Data excerpts
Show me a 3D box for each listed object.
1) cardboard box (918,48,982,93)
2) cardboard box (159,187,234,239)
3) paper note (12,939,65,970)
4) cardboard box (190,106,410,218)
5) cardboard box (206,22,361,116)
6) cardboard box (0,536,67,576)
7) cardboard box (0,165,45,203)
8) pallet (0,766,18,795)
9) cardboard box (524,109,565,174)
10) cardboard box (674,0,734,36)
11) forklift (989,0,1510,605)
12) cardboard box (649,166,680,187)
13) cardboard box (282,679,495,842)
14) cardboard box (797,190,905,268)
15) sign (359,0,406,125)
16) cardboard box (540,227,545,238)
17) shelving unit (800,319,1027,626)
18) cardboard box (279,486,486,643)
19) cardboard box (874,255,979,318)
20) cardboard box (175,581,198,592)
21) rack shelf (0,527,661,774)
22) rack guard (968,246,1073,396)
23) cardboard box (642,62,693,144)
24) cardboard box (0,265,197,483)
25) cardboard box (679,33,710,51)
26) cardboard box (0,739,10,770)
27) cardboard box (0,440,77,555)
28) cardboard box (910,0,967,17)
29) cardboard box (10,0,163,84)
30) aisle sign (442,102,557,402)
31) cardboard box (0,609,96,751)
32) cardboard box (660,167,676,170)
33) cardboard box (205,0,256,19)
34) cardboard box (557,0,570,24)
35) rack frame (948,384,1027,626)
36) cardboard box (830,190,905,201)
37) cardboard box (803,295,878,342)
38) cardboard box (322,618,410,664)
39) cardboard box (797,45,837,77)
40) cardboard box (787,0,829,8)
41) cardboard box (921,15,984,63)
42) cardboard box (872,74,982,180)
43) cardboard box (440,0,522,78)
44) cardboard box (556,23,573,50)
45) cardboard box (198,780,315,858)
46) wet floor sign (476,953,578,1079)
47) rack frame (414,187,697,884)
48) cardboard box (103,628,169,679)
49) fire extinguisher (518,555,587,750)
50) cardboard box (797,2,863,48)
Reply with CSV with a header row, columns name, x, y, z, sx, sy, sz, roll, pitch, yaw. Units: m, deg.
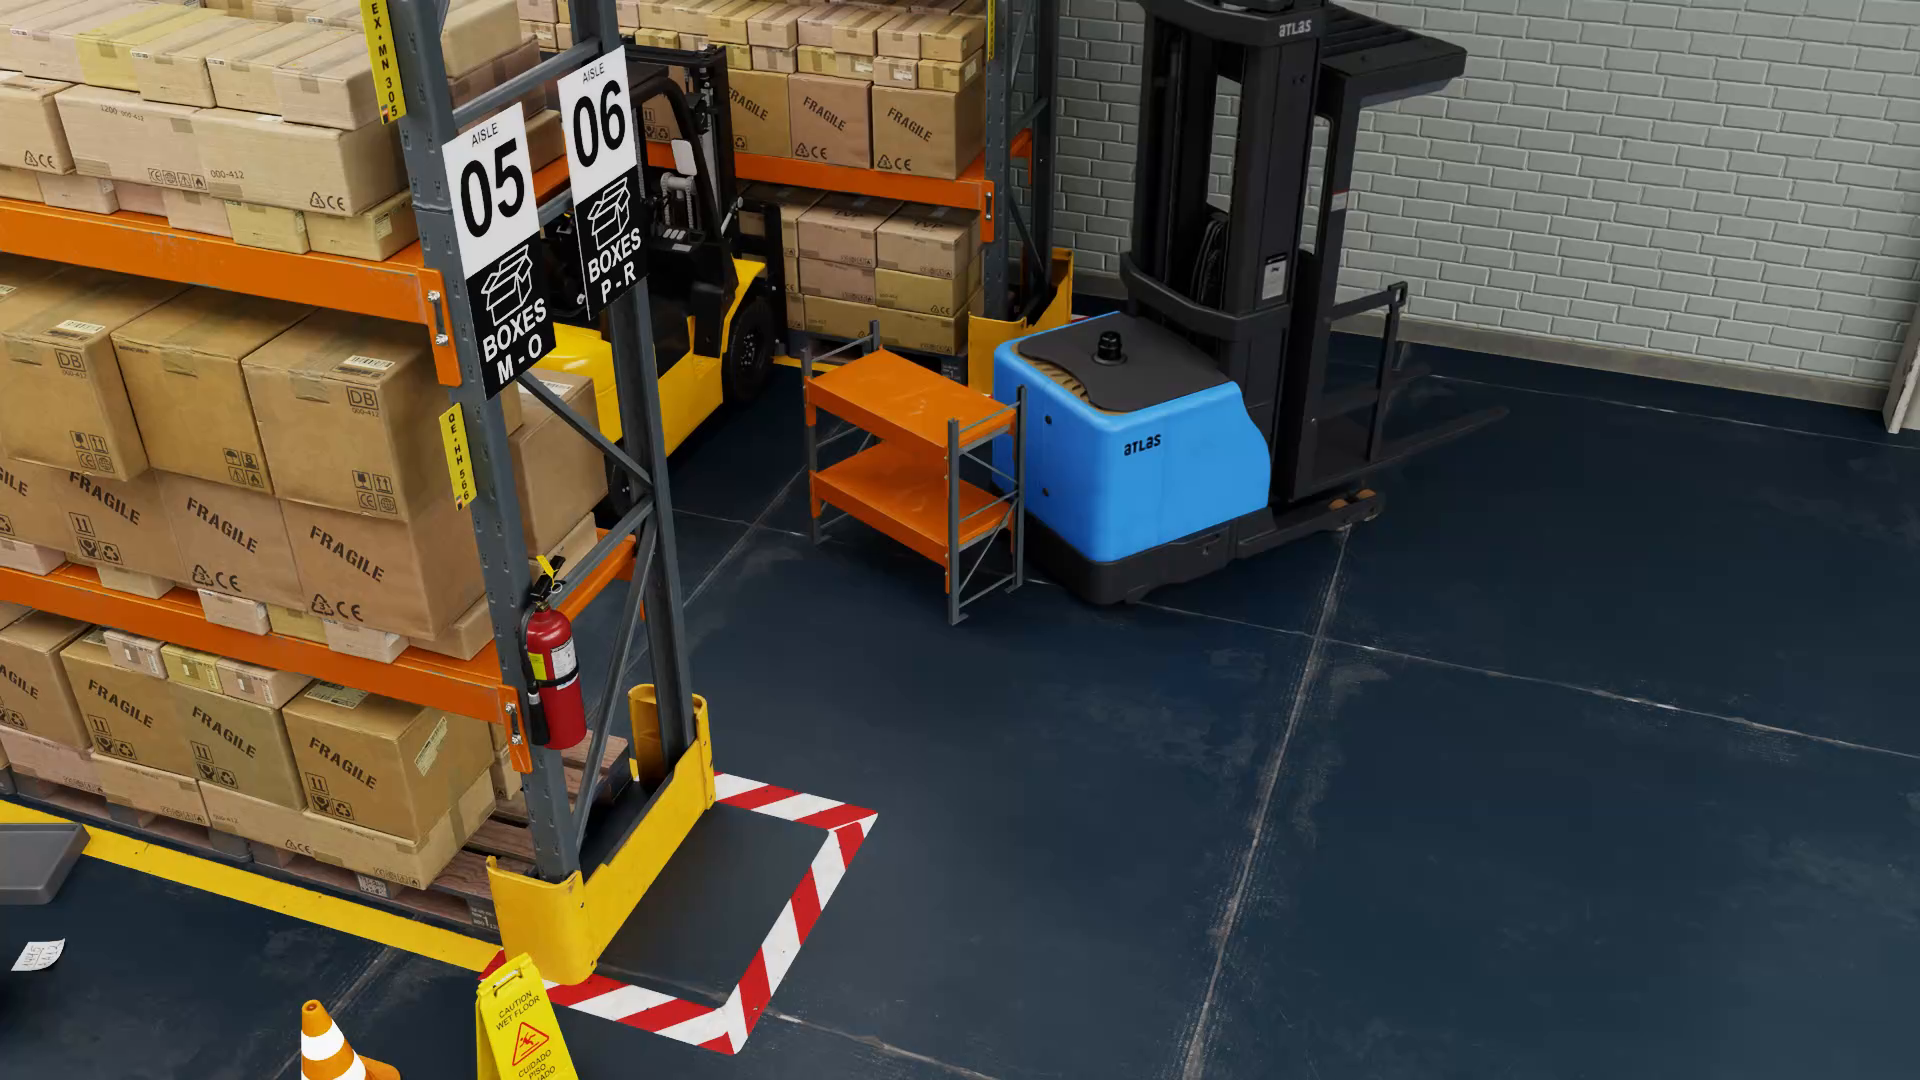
name,x,y,z,sx,sy,sz,roll,pitch,yaw
cardboard box,-0.055,-2.679,9.444,0.250,0.149,0.380,12,35,17
cardboard box,-2.219,-1.081,5.125,0.250,0.149,0.380,12,35,18
paper note,-3.486,1.568,6.293,0.148,0.019,0.142,0,33,0
cardboard box,-1.877,-1.187,4.922,0.500,0.250,0.500,11,34,16
cardboard box,-1.953,-1.377,4.848,0.250,0.149,0.380,12,35,17
cardboard box,-3.434,-0.043,6.283,0.250,0.149,0.380,11,34,16
cardboard box,-2.931,-1.235,5.363,0.250,0.149,0.380,10,34,15
pallet,-4.426,0.635,7.571,1.213,0.211,1.003,11,34,16
cardboard box,-1.508,-1.290,5.449,0.250,0.149,0.380,11,34,17
cardboard box,-1.488,-3.119,9.852,0.250,0.149,0.380,12,35,17
forklift,1.676,-1.504,8.377,3.031,2.935,1.130,-18,37,-26
cardboard box,-2.100,-2.185,10.595,0.500,0.250,0.500,12,35,18
cardboard box,-2.147,0.741,6.293,0.500,0.500,0.500,11,35,17
cardboard box,-0.655,-1.901,10.155,0.500,0.250,0.500,12,35,17
sign,-1.511,-1.261,4.357,0.005,0.325,0.100,11,34,16
cardboard box,-2.573,-2.070,10.878,0.500,0.250,0.500,11,34,16
shelving unit,-0.232,-0.351,8.257,1.048,1.125,0.538,28,42,36
cardboard box,-1.909,-0.035,5.672,0.500,0.500,0.500,10,34,16
cardboard box,-0.197,-1.605,10.157,0.500,0.250,0.500,11,34,16
cardboard box,-2.685,0.039,6.155,0.250,0.149,0.380,11,35,17
rack shelf,-3.188,0.027,6.606,4.000,0.370,1.077,11,34,16
rack guard,0.389,-1.390,10.442,0.348,0.500,1.175,11,34,16
cardboard box,-1.630,-2.722,10.108,0.500,0.500,0.500,11,35,17
cardboard box,-2.848,-0.615,5.649,0.500,0.500,0.700,11,34,16
cardboard box,-1.475,-2.993,9.930,0.250,0.149,0.380,11,34,16
cardboard box,-4.100,0.675,7.086,0.500,0.250,0.500,13,35,19
cardboard box,-3.319,-0.324,6.121,0.500,0.500,0.500,11,35,17
cardboard box,-0.107,-3.135,9.876,0.250,0.149,0.380,12,35,18
cardboard box,-2.648,-1.535,5.093,0.250,0.149,0.380,11,34,16
aisle sign,-1.344,-0.842,4.892,0.004,0.787,0.394,11,34,16
cardboard box,-3.611,0.456,6.734,0.500,0.500,0.500,13,35,19
cardboard box,-1.917,-2.442,10.993,0.500,0.250,0.500,11,35,17
cardboard box,-2.239,-1.767,5.453,0.250,0.149,0.380,11,34,16
cardboard box,-2.218,-3.229,10.021,0.250,0.149,0.380,10,34,16
rack frame,0.130,-0.157,7.957,0.032,1.125,0.500,28,42,36
cardboard box,-0.494,-2.160,10.556,0.500,0.250,0.500,11,34,17
cardboard box,-0.648,-1.486,10.434,0.500,0.250,0.500,11,34,16
cardboard box,-2.005,0.248,5.833,0.250,0.149,0.380,11,34,16
cardboard box,-0.758,-2.841,9.694,0.250,0.149,0.380,11,34,16
cardboard box,-0.851,-3.249,10.052,0.250,0.149,0.380,12,35,18
cardboard box,-0.042,-2.842,9.421,0.250,0.149,0.380,11,34,17
cardboard box,-0.186,-2.442,9.675,0.500,0.500,0.500,10,34,15
cardboard box,-1.571,-1.568,5.144,0.250,0.149,0.380,11,34,16
cardboard box,-2.235,-3.086,10.075,0.250,0.149,0.380,11,34,16
cardboard box,-2.642,0.960,6.645,0.500,0.250,0.500,11,34,17
wet floor sign,-1.487,1.661,5.582,0.232,0.644,0.267,24,40,32
rack frame,-1.305,0.091,5.844,0.127,3.000,1.000,11,34,16
cardboard box,-2.998,0.339,6.318,0.250,0.149,0.380,12,35,19
fire extinguisher,-1.353,0.380,5.468,0.183,0.674,0.296,11,34,16
cardboard box,-0.749,-2.989,9.649,0.250,0.149,0.380,11,35,17

__EXERCISE__.
Scan the lines above for "41) cardboard box (921,15,984,63)" and for "48) cardboard box (103,628,169,679)". Repeat exactly the line holding each of them and every line in between.

__RESULT OF THE EXERCISE__.
41) cardboard box (921,15,984,63)
42) cardboard box (872,74,982,180)
43) cardboard box (440,0,522,78)
44) cardboard box (556,23,573,50)
45) cardboard box (198,780,315,858)
46) wet floor sign (476,953,578,1079)
47) rack frame (414,187,697,884)
48) cardboard box (103,628,169,679)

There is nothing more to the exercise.